--- RECORDS PROVIDED Enclosed Below ---
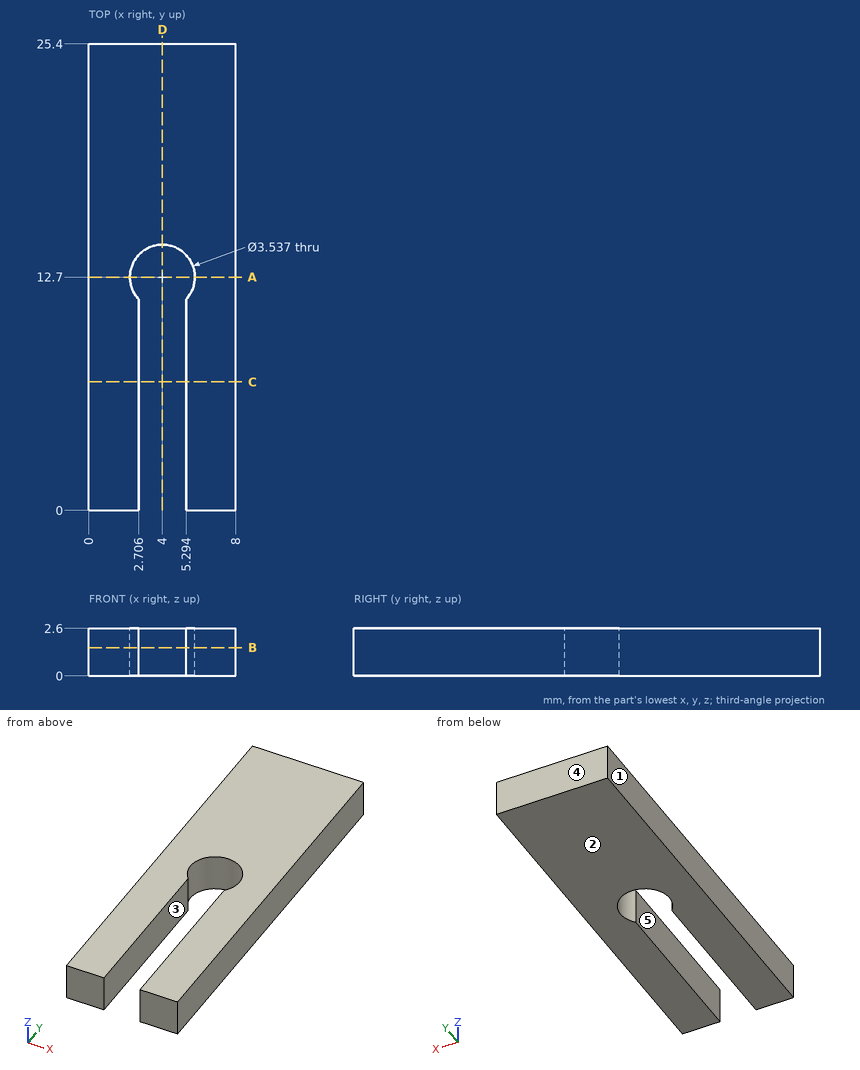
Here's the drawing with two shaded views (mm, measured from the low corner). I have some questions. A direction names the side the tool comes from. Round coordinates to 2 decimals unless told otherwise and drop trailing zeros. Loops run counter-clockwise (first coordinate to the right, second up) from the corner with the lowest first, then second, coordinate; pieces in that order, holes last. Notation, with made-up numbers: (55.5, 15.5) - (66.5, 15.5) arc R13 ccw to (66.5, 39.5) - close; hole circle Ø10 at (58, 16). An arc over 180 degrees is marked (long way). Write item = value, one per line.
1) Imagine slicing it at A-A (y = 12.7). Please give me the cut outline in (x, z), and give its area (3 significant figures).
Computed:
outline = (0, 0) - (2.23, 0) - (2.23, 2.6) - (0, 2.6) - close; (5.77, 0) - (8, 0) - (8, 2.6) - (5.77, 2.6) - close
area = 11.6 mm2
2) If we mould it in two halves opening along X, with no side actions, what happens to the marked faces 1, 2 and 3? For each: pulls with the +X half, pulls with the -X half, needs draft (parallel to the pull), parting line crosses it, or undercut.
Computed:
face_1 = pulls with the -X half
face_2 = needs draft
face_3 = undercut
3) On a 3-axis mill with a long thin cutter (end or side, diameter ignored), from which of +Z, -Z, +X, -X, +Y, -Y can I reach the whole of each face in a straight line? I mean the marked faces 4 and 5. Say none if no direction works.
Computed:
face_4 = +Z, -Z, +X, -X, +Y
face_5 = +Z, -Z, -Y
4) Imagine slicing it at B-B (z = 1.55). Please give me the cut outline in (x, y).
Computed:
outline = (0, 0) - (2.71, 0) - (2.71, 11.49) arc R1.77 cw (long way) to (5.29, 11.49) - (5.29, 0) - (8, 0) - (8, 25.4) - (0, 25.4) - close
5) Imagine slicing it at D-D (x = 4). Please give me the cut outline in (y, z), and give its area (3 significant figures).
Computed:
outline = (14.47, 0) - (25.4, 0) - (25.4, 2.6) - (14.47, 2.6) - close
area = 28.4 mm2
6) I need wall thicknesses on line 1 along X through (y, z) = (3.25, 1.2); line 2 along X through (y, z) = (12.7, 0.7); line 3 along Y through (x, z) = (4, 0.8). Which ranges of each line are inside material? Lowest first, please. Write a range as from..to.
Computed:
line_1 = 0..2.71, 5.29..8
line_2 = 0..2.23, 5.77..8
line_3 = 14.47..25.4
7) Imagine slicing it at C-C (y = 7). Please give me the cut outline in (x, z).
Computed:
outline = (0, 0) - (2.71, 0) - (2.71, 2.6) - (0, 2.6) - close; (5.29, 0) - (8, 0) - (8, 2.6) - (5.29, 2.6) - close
--- End of Enclosed RECORDS PROVIDED ---
--- RECORDS PROVIDED Enclosed Below ---
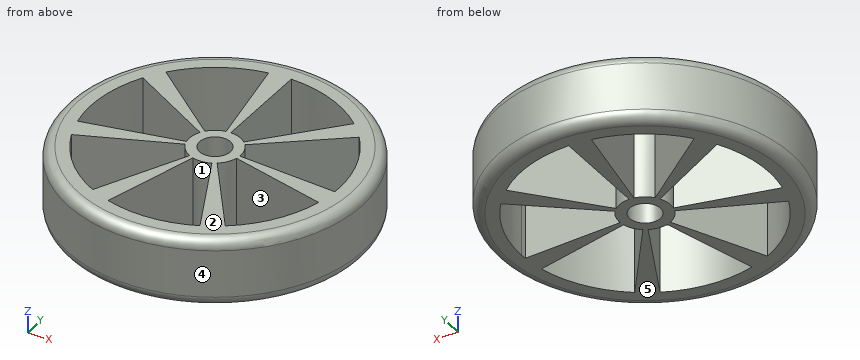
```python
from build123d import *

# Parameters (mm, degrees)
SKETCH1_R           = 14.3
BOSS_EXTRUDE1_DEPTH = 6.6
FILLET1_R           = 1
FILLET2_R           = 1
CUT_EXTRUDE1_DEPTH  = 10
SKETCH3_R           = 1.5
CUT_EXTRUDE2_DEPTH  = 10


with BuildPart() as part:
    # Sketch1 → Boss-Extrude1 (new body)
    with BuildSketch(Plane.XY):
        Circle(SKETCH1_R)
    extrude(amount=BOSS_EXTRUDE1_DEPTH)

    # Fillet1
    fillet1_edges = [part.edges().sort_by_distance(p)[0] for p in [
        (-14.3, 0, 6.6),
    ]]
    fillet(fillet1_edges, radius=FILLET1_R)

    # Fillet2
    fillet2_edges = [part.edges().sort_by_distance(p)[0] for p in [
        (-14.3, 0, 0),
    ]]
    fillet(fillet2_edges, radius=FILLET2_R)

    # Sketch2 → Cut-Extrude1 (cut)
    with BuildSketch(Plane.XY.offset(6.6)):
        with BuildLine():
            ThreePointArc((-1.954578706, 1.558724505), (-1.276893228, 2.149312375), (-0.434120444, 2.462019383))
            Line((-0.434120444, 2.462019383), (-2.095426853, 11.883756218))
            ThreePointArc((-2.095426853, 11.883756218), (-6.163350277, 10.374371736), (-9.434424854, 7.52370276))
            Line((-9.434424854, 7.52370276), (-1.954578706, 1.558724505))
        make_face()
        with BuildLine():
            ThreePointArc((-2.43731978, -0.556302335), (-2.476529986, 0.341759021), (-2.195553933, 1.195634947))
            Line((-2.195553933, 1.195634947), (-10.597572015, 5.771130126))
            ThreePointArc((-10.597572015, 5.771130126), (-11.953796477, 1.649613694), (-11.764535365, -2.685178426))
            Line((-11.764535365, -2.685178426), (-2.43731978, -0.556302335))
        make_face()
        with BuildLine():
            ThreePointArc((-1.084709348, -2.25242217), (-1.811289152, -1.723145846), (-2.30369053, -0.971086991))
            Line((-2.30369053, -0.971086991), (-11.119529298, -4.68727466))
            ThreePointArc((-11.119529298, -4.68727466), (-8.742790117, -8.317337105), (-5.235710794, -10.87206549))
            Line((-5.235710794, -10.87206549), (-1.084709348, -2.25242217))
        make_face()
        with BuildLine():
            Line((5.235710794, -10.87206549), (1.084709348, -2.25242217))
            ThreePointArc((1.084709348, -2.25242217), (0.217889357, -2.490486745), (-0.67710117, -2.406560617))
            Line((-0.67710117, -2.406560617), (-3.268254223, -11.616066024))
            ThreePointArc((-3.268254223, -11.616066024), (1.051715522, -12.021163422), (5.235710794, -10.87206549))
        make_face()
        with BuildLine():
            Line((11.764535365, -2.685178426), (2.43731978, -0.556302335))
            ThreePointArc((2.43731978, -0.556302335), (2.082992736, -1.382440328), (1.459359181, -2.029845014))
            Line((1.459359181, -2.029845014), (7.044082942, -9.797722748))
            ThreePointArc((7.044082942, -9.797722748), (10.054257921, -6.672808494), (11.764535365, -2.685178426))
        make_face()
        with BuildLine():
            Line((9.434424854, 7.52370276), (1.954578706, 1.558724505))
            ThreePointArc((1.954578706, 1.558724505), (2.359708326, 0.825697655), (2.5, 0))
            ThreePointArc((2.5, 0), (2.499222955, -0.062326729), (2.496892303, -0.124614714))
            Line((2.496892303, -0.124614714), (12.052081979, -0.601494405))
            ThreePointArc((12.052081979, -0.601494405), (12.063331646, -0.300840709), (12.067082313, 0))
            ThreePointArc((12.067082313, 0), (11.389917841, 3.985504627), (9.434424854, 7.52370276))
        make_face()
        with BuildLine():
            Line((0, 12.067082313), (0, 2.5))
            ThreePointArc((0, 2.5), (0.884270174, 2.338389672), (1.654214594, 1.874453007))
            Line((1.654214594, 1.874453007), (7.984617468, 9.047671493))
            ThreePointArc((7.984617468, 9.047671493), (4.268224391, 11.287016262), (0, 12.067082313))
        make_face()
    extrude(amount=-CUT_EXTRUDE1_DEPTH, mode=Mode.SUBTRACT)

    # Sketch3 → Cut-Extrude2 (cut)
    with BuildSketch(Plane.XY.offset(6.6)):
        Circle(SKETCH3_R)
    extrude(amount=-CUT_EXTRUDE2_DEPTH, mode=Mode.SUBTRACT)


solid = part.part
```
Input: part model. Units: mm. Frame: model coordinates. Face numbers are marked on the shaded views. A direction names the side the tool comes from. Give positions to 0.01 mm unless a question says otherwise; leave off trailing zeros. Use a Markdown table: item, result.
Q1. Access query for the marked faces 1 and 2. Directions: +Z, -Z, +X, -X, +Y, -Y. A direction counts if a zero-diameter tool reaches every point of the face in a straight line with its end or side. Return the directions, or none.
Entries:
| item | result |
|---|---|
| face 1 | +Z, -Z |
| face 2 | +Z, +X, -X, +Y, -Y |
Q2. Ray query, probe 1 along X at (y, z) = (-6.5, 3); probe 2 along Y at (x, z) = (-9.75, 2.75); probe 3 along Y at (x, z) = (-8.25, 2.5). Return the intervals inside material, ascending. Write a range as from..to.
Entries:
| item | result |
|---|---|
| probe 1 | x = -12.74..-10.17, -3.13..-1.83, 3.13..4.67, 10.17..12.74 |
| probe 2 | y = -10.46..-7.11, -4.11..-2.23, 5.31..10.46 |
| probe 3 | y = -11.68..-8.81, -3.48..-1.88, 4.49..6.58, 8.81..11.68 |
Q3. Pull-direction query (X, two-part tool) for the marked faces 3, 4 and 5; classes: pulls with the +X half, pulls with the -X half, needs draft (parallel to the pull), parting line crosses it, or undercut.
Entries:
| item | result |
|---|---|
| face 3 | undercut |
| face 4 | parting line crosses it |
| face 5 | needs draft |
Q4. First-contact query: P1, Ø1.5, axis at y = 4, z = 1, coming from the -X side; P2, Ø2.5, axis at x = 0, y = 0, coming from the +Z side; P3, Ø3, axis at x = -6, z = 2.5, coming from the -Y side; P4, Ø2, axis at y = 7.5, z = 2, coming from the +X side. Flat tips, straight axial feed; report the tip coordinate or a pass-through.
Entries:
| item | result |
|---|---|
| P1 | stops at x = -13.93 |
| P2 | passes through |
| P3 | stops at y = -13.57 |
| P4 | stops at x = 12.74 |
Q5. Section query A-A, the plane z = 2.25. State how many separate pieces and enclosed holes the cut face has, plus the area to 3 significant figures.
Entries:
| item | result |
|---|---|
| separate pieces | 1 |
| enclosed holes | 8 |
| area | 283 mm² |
--- End of Enclosed RECORDS PROVIDED ---
▶ [DIRECTIONS FOR THIS TASK]: Reproduce verbatim only the segment of the listing bounded by the line containing "Input: part model." and the line containing "area | 283 mm² |", with both boundary lines included.

▶ [RESULT OF THE EXERCISE]:
Input: part model. Units: mm. Frame: model coordinates. Face numbers are marked on the shaded views. A direction names the side the tool comes from. Give positions to 0.01 mm unless a question says otherwise; leave off trailing zeros. Use a Markdown table: item, result.
Q1. Access query for the marked faces 1 and 2. Directions: +Z, -Z, +X, -X, +Y, -Y. A direction counts if a zero-diameter tool reaches every point of the face in a straight line with its end or side. Return the directions, or none.
Entries:
| item | result |
|---|---|
| face 1 | +Z, -Z |
| face 2 | +Z, +X, -X, +Y, -Y |
Q2. Ray query, probe 1 along X at (y, z) = (-6.5, 3); probe 2 along Y at (x, z) = (-9.75, 2.75); probe 3 along Y at (x, z) = (-8.25, 2.5). Return the intervals inside material, ascending. Write a range as from..to.
Entries:
| item | result |
|---|---|
| probe 1 | x = -12.74..-10.17, -3.13..-1.83, 3.13..4.67, 10.17..12.74 |
| probe 2 | y = -10.46..-7.11, -4.11..-2.23, 5.31..10.46 |
| probe 3 | y = -11.68..-8.81, -3.48..-1.88, 4.49..6.58, 8.81..11.68 |
Q3. Pull-direction query (X, two-part tool) for the marked faces 3, 4 and 5; classes: pulls with the +X half, pulls with the -X half, needs draft (parallel to the pull), parting line crosses it, or undercut.
Entries:
| item | result |
|---|---|
| face 3 | undercut |
| face 4 | parting line crosses it |
| face 5 | needs draft |
Q4. First-contact query: P1, Ø1.5, axis at y = 4, z = 1, coming from the -X side; P2, Ø2.5, axis at x = 0, y = 0, coming from the +Z side; P3, Ø3, axis at x = -6, z = 2.5, coming from the -Y side; P4, Ø2, axis at y = 7.5, z = 2, coming from the +X side. Flat tips, straight axial feed; report the tip coordinate or a pass-through.
Entries:
| item | result |
|---|---|
| P1 | stops at x = -13.93 |
| P2 | passes through |
| P3 | stops at y = -13.57 |
| P4 | stops at x = 12.74 |
Q5. Section query A-A, the plane z = 2.25. State how many separate pieces and enclosed holes the cut face has, plus the area to 3 significant figures.
Entries:
| item | result |
|---|---|
| separate pieces | 1 |
| enclosed holes | 8 |
| area | 283 mm² |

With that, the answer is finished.